3. The Courts below have found the above case proved from the testimony of the witnesses.
4. For a public servant to be guilty Under Section 161, it is not necessary that he should accept gratification for himself. The section itself lays down that it does not matter if he accepts gratification for "any other person." That other person need not be a public servant at all. The consideration for the gratification, namely, the act of "doing or forbearing to do, etc.," must be done by the public servant accepting the gratification and not by the "other person." This is clear from the language of the section. The words
"doing or forbearing to do any official act, or for showing or forbearing to show, in the exercise of his official functions, favour or disfavour to any person, or for rendering or attempting to render"
cannot at all go, under the rules of grammar, with the words "any other person;" they can go only with the word "whoever." I am supported in this view by Emperor v. Bhagwan Das, 31 Bom. 335 : (5 Cr.. L. J. 309). Since the consideration of "doing or forbearing, etc.", was not required from the applicant, he cannot be held guilty Under Section 161 as the principal offender. The applicant might, however, be guilty Under Section 161 read with Section 116, Penal Code as an abettor.
5. Any one who engages with one or more other person in conspiracy for the doing of a thing, is said to abet the doing of that thing if an act takes place in pursuance of that conspiracy. Here, the conspiracy is said to be between the applicant and Jai Pal. etc, It is not necessary that the conspiracy should be with the person to be abetted; Expl. 5 to Section 108, Penal Code, makes it clear that a conspiracy to abet an offence need not be with the person to be abetted. The conspiracy is said to be that Jai Pal, etc., should pay the money as a bribe to the Sub-Inspector and that the applicant should receive it on behalf of the Sub-Inspector. He is also said to have intentionally aided the receipt of a bribe by the Sub-Inspector by receiving the money from Jai Pal, etc. with the intention of paying it to the Sub-Inspector. Doing anything to facilitate the commission of the act of receiving a bribe, is intentionally aiding that act.

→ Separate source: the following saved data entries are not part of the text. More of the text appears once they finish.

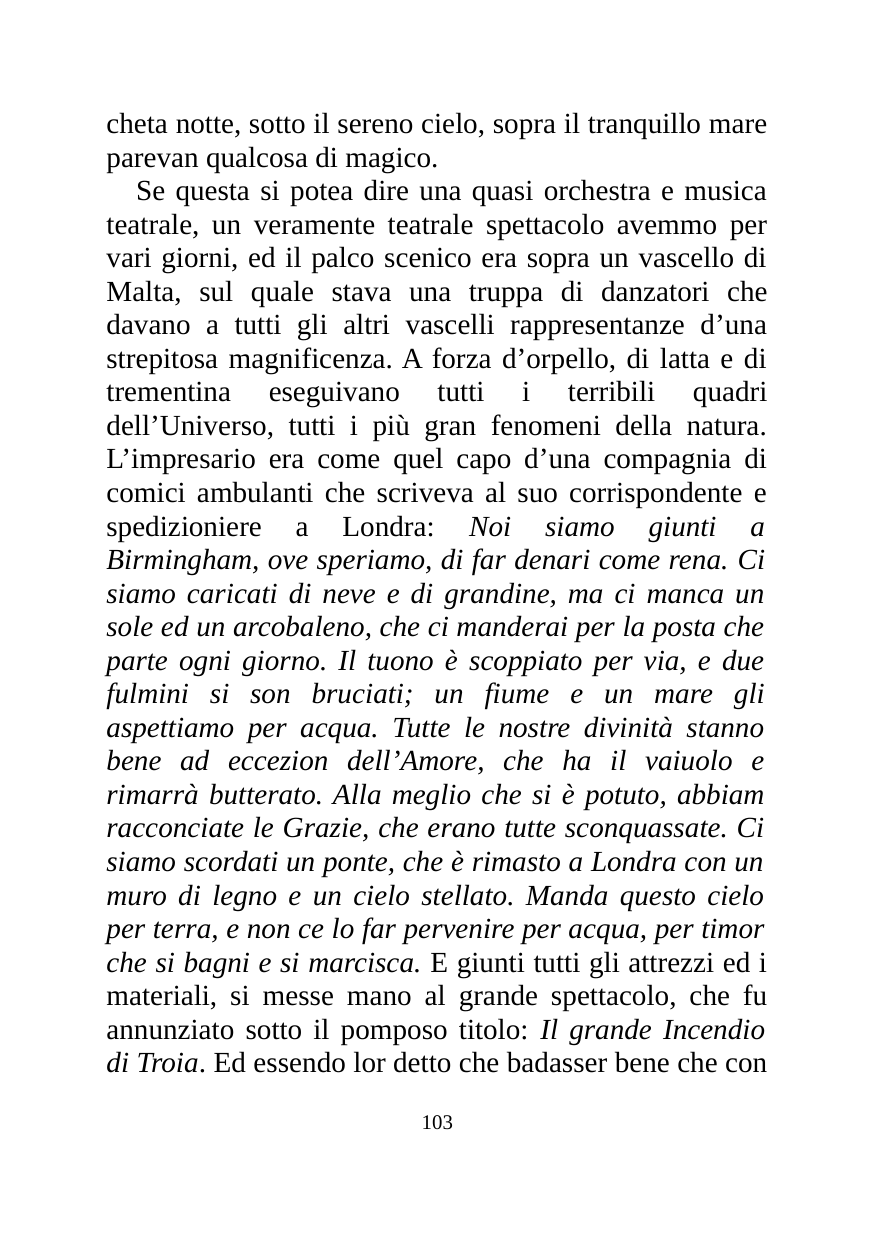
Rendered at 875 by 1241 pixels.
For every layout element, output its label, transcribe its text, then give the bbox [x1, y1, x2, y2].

text cheta notte, sotto il sereno cielo, sopra il tranquillo mare parevan qualcosa di magico. [106, 106, 768, 173]
text Se questa si potea dire una quasi orchestra e musica teatrale, un veramente teatrale spettacolo avemmo per vari giorni, ed il palco scenico era sopra un vascello di Malta, sul quale stava una truppa di danzatori che davano a tutti gli altri vascelli rappresentanze d’una strepitosa magnificenza. A forza d’orpello, di latta e di trementina eseguivano tutti i terribili quadri dell’Universo, tutti i più gran fenomeni della natura. L’impresario era come quel capo d’una compagnia di comici ambulanti che scriveva al suo corrispondente e spedizioniere a Londra: Noi siamo giunti a Birmingham, ove speriamo, di far denari come rena. Ci siamo caricati di neve e di grandine, ma ci manca un sole ed un arcobaleno, che ci manderai per la posta che parte ogni giorno. Il tuono è scoppiato per via, e due fulmini si son bruciati; un fiume e un mare gli aspettiamo per acqua. Tutte le nostre divinità stanno bene ad eccezion dell’Amore, che ha il vaiuolo e rimarrà butterato. Alla meglio che si è potuto, abbiam racconciate le Grazie, che erano tutte sconquassate. Ci siamo scordati un ponte, che è rimasto a Londra con un muro di legno e un cielo stellato. Manda questo cielo per terra, e non ce lo far pervenire per acqua, per timor che si bagni e si marcisca. E giunti tutti gli attrezzi ed i materiali, si messe mano al grande spettacolo, che fu annunziato sotto il pomposo titolo: Il grande Incendio di Troia. Ed essendo lor detto che badasser bene che con [106, 173, 768, 1079]
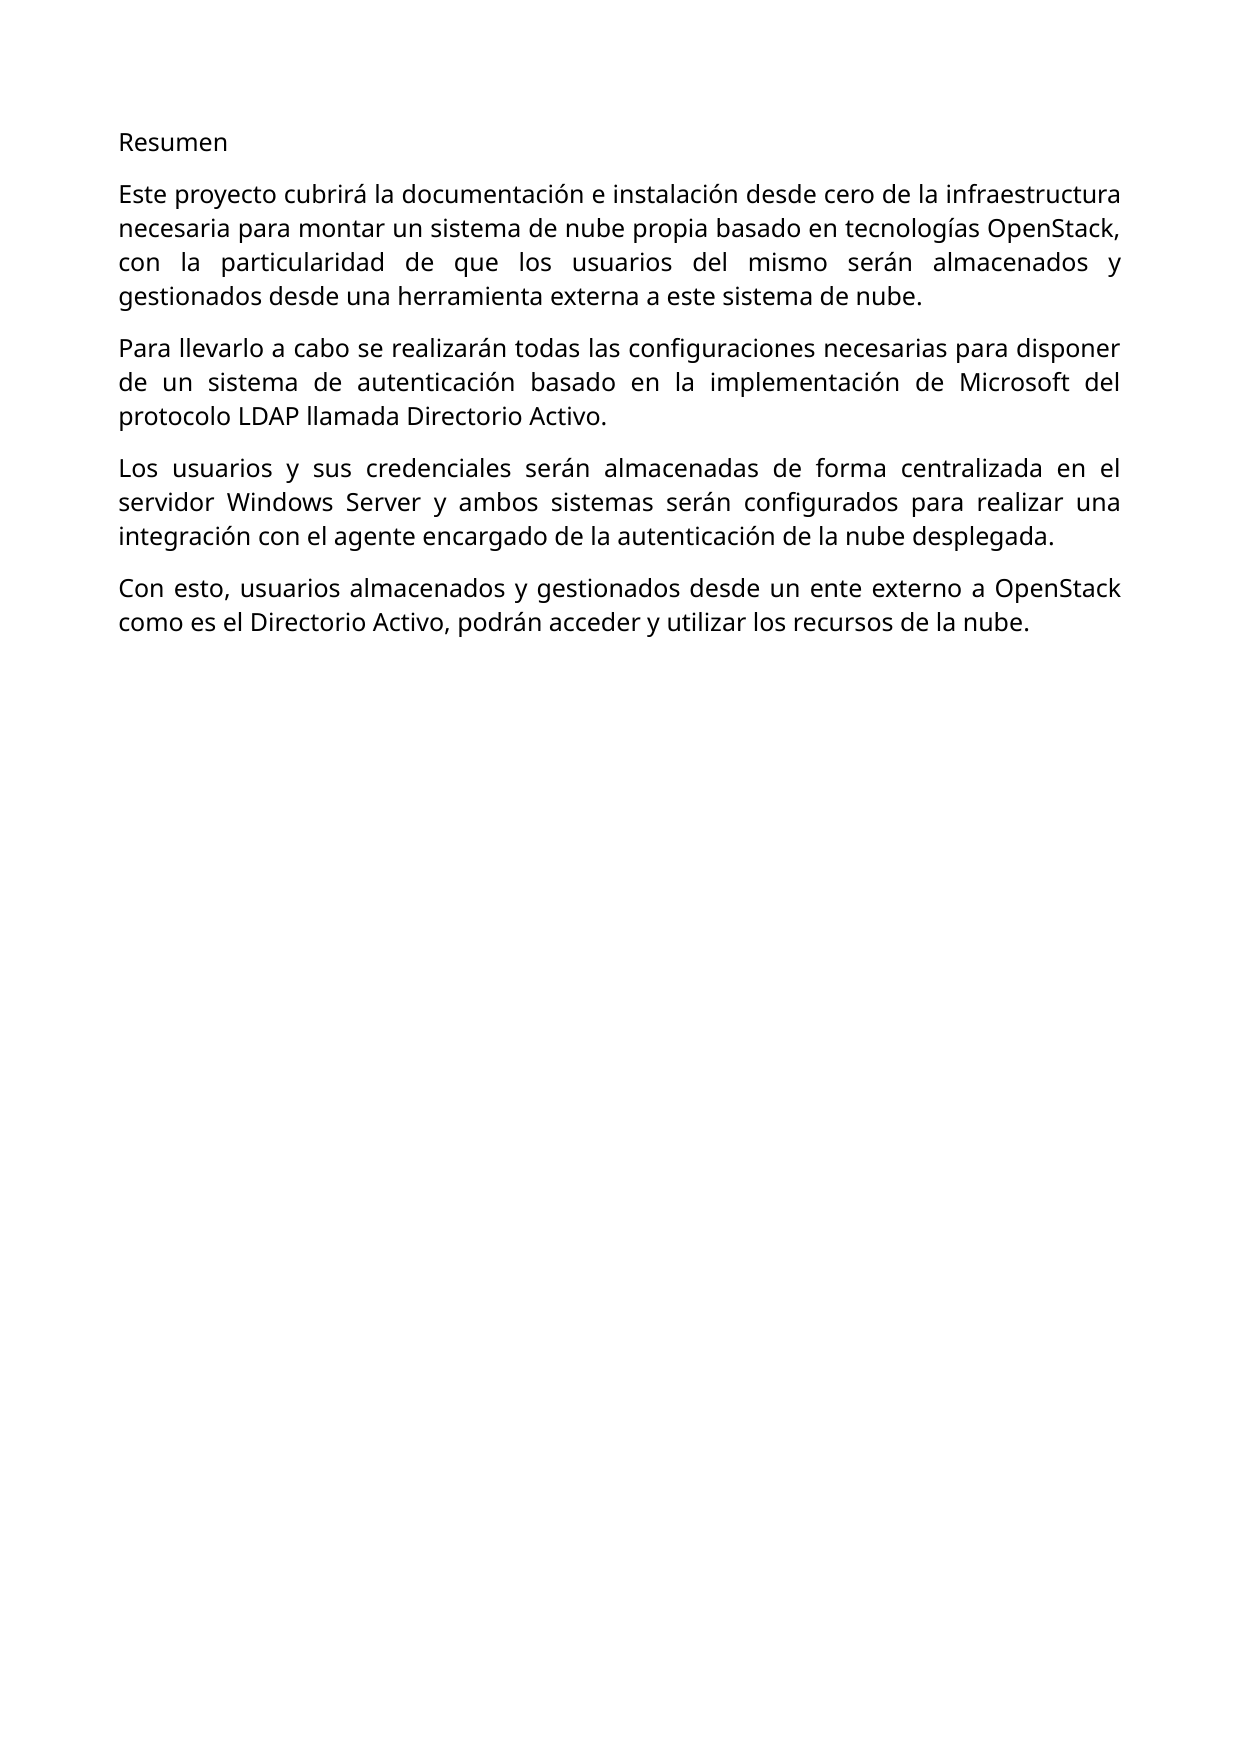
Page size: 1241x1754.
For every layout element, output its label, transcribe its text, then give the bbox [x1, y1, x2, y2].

6. I shall not discuss the merits and the evidence because I would first see whether I can alter the conviction to one for abetment. If I cannot do so, a retrial may be necessary and I must avoid the applicants's being prejudiced in the retrial. The learned counsel for the applicant contended that it is not open to me to convict the applicant as an abettor. He thought that the applicant had no notice during the trial that he was in danger of being convicted as an abettor and had not full opportunity of meeting the charge of abetment. He was charged with the principal offence and in his defence he met only that charge. If he is to be convicted as an abettor, he must be given an opportunity of meeting that charge. In a number of cases it has been held that an appellate or revisional Court can substitute conviction for abetment. Among them are Inder Chand v. Emperor, 42 Cal. 1094 : (A. I. R. (3) 1915 Cal. 431 : 17 Cr. L. J. 113 S. B.); Jnanada Charan v. Emperor, 57 Cal. 307: (A. I. R. (16) 1929 Cal. 807 : 31 Cr. L. J. 570), Khuman v. Emperor, 7 Luck. 102 : (A.I.R. (18) 1931 Oudh 274:88 Cr. L. J. 905), Provincial Govt. V. Saidu, A.I.R. (34) 1947 Nag. 113 : (47 Cr. L. J. 968), Hira Sah v. Emperor, A. I. R. (34) 1947 Pat. 350: (25 Pat. 562), and Emperor v. Jayanti Lal, A. I. R. (34) 1947 Sind 130:(48 Cr. L. J. 419). On the other hand, there are cases in which it has been held that conviction for abetment cannot be substituted for conviction for the principal offence see Emperor v. Mahabir Prasad, 49 ALL. 120:(A. I. R. (14) 1927 ALL. 35 : 27 Cr. L. J. 1118) and Chotey v. Emperor, 49 Cr. L. J. 168 : (A. I. R. (35) 1948 ALL. 168). In Padmanabha Payikannish v. Emperor, 33 Mad. 264 : (5 I. C. 145), it was stated that conviction for abetment when the charge was for the principal offence was not justified by Sections 237 and 238 of the Code.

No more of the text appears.